Student-run organization aims to encourage more women to pursue STEM careers

Zinia Khattar holding a collage showcasing work by Scientella members.
(Copyright of Zinia Khattar)

Since launching in 2020, a student-run organization that wants to help more women pursue careers in science, technology, engineering and mathematics has raised more than $80,000 for low-income students and enlisted the help of some of the top companies in those fields.

The organization, Scientella, aims its programming at students in middle school through college who want to pursue STEM careers.

“Our mission is to close the representation gap of women in STEM fields,” said Zinia Khattar, 15, a 10th grader at Del Norte High School and one of the student leaders of Scientella.

The percentage of women in STEM jobs has increased over the years, according to Census Bureau data, but there is still a notable disparity.

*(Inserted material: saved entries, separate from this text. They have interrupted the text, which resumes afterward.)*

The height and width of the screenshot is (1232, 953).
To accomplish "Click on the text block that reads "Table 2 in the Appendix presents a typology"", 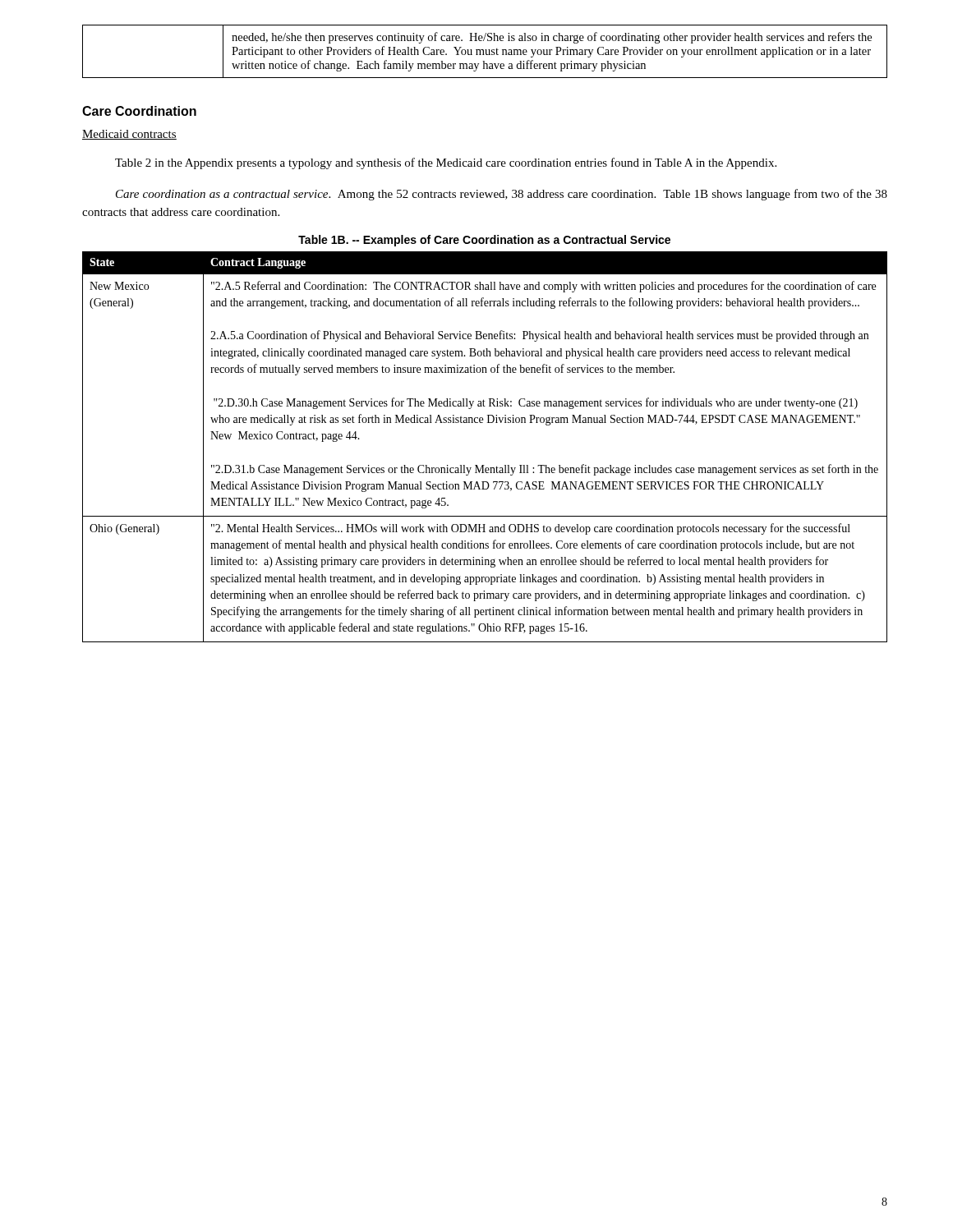I will coord(485,163).
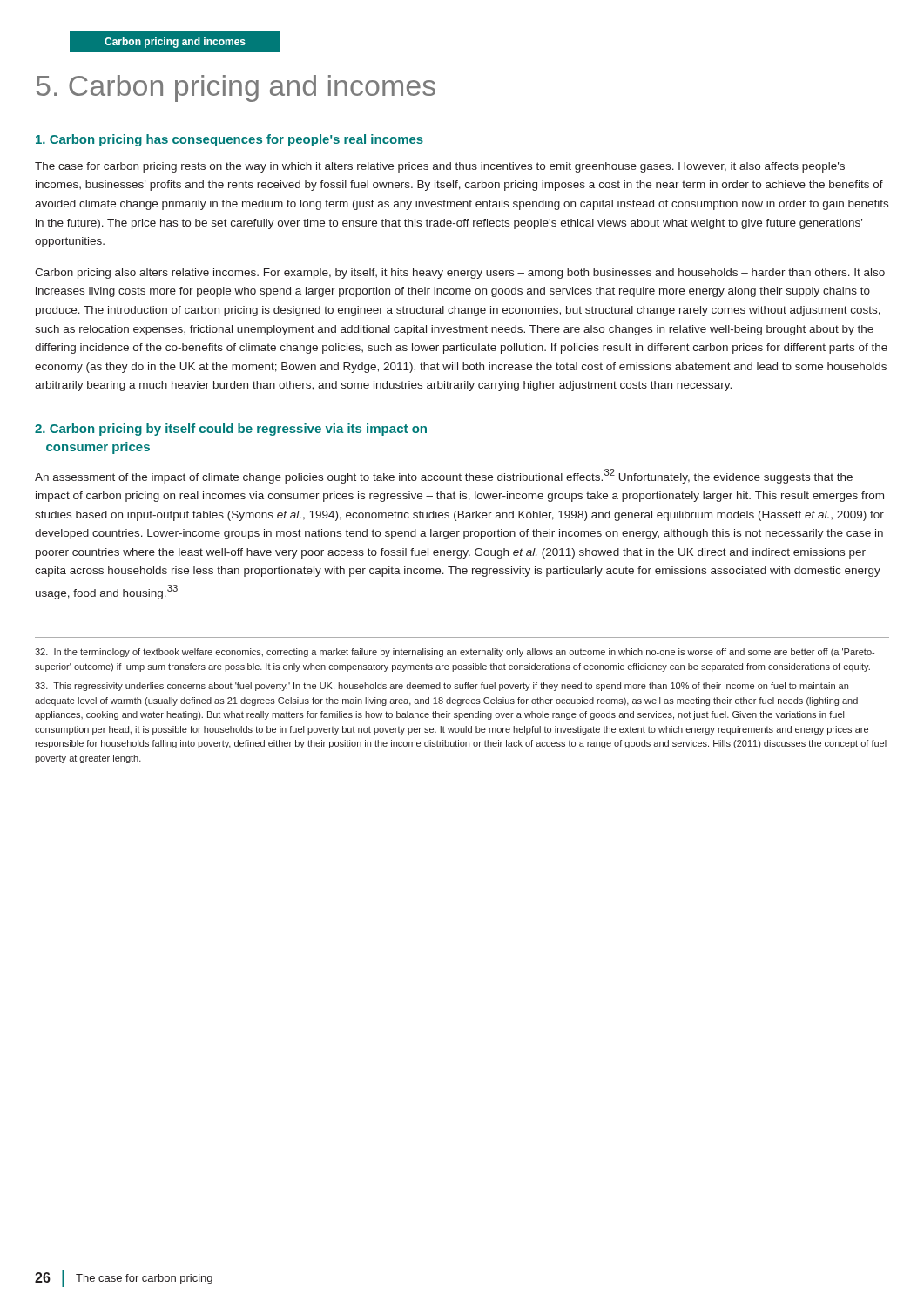Click on the text block that reads "An assessment of the impact of climate change"
The width and height of the screenshot is (924, 1307).
pyautogui.click(x=460, y=533)
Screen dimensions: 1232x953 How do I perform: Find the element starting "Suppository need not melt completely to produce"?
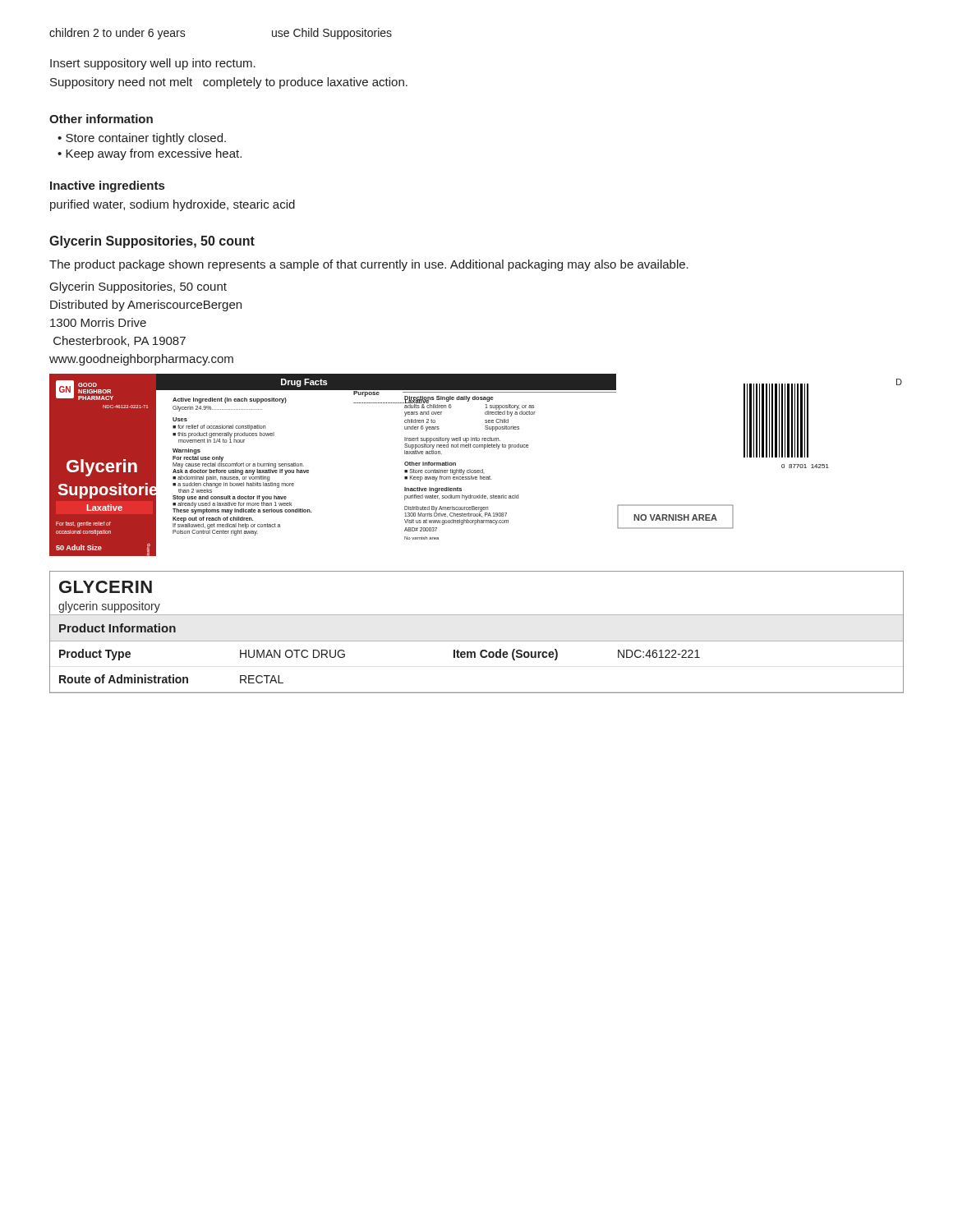[229, 82]
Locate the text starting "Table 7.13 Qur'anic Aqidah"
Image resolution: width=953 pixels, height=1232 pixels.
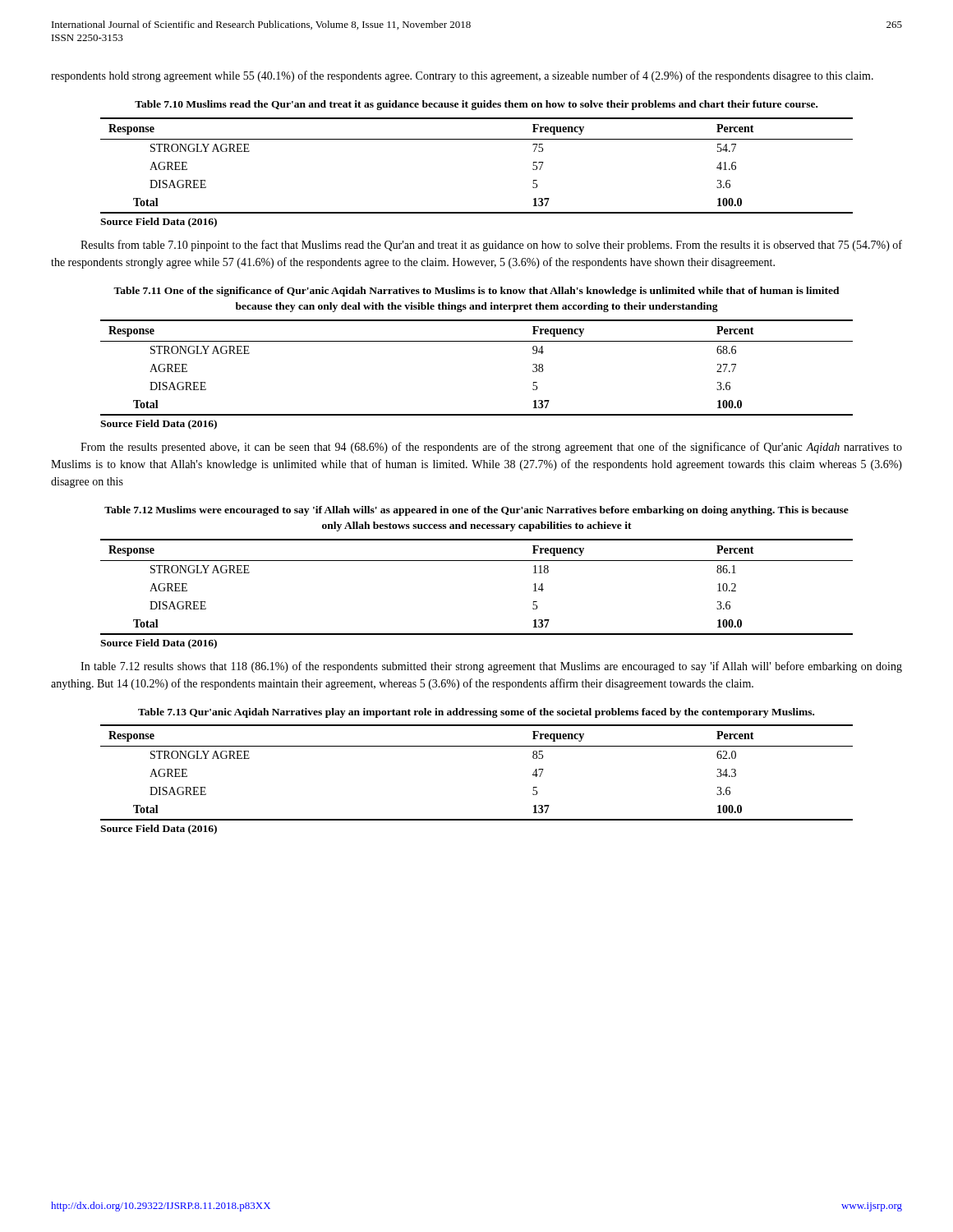(x=476, y=711)
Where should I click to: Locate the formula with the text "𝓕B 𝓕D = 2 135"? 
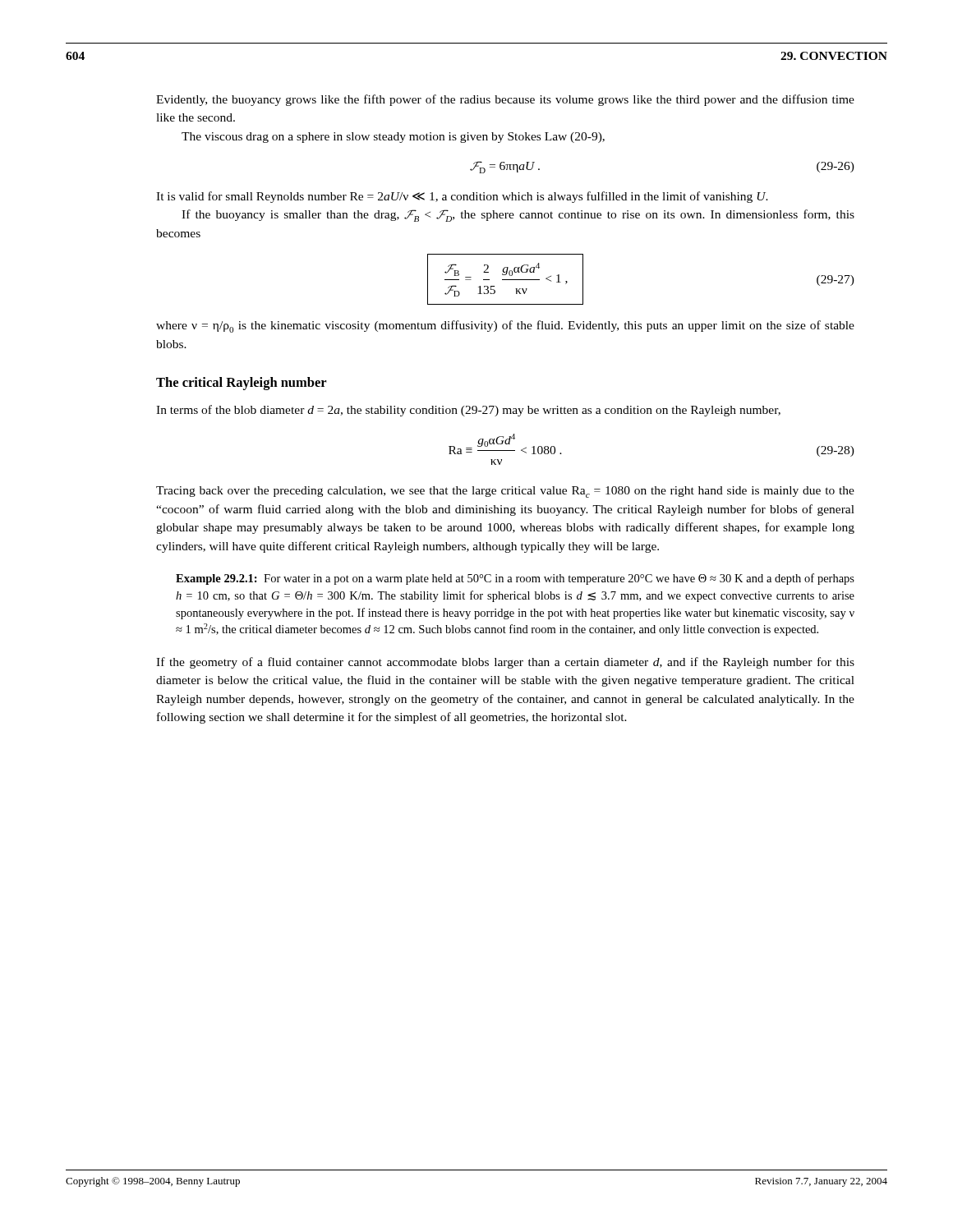pyautogui.click(x=505, y=279)

In 1970, women were only about 8% of the STEM workforce. In 2019, that figure increased to 27%.

The gender disparity in STEM fields is caused in part by long-held sexist beliefs about men being better suited to those types of careers, according to research that has been conducted by organizations including the American Association of University Women. There has also been ongoing implicit bias that has limited women in the STEM workforce or discouraged them from pursuing those jobs altogether.

Schools, government officials, STEM professionals, students and activists have accelerated their efforts over the years to reverse those cultural barriers. They have also worked to address the pay gap that favors men over women in STEM.

Scientella initiatives have included one-on-one mentoring between students and STEM professionals, workshops, and part-time internships.

“Through these activities, students gain insights on STEM careers with the credibility to apply successfully for colleges and jobs,” Zinia said.

Mentors who have taken part have expertise in areas including quantum computing, biomedical engineering, bioinformatics, molecular and developmental biology and chemistry.

“The teenage years are significant in career discovery and help tremendously in building a leadership mindset,” Zinia said.

She added that one of Scientella’s goals is to expand globally. Student leaders have gotten in touch with schools in the United Kingdom. They also want to make more inroads with companies in STEM fields.

“Many people think that just reaching out to professionals is an easy job, but they are quite busy,” Zinia said. “So one actually pretty difficult thing is getting in touch with different corporations to help support our mission and advocate it further.”